Eşinden yıllar önce ayrılan baba Düzcan, AA muhabirine
yaptığı açıklamada, çocuklarıyla aynı fakültede eğitim görmenin zor ama
eğlenceli olduğunu, hem evde hem de üniversitede birbirlerine destek
verdiklerini söyledi.
Bazen baba olduğu için işlerin ağırlıklı olarak kendisine
bırakılmaya çalışıldığını belirten Düzcan, şöyle konuştu: "Bazen ütüyü ve
yemeği ben yapıyorum. Temizliğe sırayla bakıyoruz. Çamaşırları sıraya göre
asıp, kurutuyoruz. Baba ve oğullar olarak işlerin üstesinden hep beraber
geliyoruz. Tam bir öğrenci hayatı yaşıyoruz.

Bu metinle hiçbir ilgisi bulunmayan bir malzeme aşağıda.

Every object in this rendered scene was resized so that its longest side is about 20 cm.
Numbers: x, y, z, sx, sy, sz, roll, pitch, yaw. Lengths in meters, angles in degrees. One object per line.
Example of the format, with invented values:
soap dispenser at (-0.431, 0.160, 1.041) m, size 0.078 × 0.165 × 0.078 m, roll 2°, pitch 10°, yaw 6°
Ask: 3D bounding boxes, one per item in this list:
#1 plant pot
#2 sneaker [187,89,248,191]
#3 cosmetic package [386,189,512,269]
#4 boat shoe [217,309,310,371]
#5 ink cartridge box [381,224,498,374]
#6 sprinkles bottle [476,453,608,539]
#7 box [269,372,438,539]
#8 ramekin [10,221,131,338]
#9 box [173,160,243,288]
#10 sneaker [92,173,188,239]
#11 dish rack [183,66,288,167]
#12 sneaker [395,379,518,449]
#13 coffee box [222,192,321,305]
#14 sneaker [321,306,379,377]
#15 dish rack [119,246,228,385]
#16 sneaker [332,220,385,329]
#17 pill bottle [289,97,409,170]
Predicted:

Çocuklardan ilginç yemek
yapma yöntemlerini öğrendim. Su ısıtıcısında makarna, ütüde
yumurta pişirdiğimiz oluyor. Fedakar aileler evlatlarının
hayallerinin peşinden koşuyor. Çocuklarım için bazen anne-baba, bazen arkadaş,
yeri geliyor komutan oluyorum. Aramızda kuşak farkı olduğu için halı saha
maçlarında onlar kadar koşamıyorum. Hocalar ödev verdiğinde, bazen saat
02.00'de yataklarından kaldırıp slayt sunumu için yardım
alıyorum. Akademik kariyer yaparak, mesleki tecrübelerimi çocuklarım gibi
öğrencilerle paylaşmak istiyorum."
"Derslere
beraber çalışıyoruz"
Ayberk Düzcan da iki yıldır babası ve kardeşiyle aynı evi
paylaşıp, aynı fakültede okumanın heyecanını yaşadığını dile getirdi.

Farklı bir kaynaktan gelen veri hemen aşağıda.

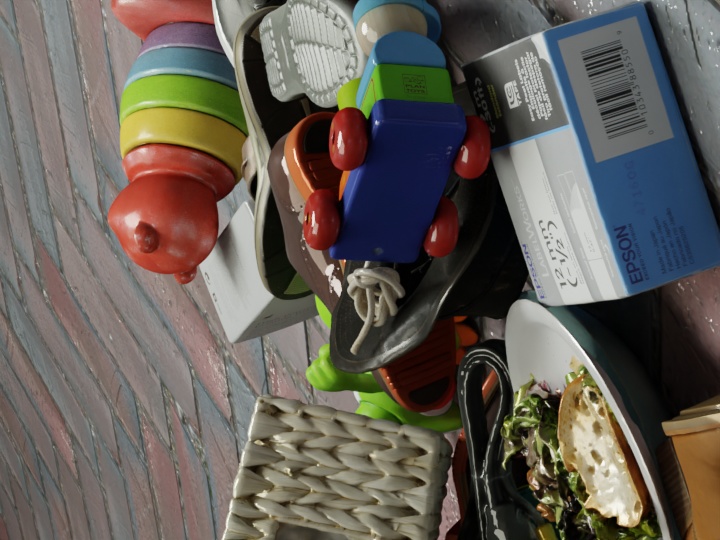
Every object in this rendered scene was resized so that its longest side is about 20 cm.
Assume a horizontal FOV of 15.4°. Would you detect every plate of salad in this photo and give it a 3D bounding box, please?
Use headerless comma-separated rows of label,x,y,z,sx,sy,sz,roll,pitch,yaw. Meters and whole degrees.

Babasıyla sınavlara beraber hazırlandıklarını vurgulayan
Düzcan, şunları kaydetti:
"Vize ve final haftasında beraber ders çalışıyoruz.
Okulda arkadaşız, evde baba ve oğul. Ben ona derslerinde yardım
ediyorum. Gece saat fark etmeksizin uykumdan uyandırıyor. 'Şu görüntüyü
kırpamadım.' diyor. Babamla aynı fakültede karşılaşınca mutlu oluyorum,
çünkü nadir görülen bir şey. Fakültemde, evimde, sosyal hayatımda
benimle."
Alper Düzcan ise babası ve ağabeyiyle aynı fakültede
okumanın kendisi için ayrıcalık olduğunu, arkadaşlarının ve hocalarının da
ilgisini çektiklerini söyledi.
"Güzel bir
örnek"
Akdeniz Üniversitesi İletişim Fakültesi Dekanı Prof. Dr.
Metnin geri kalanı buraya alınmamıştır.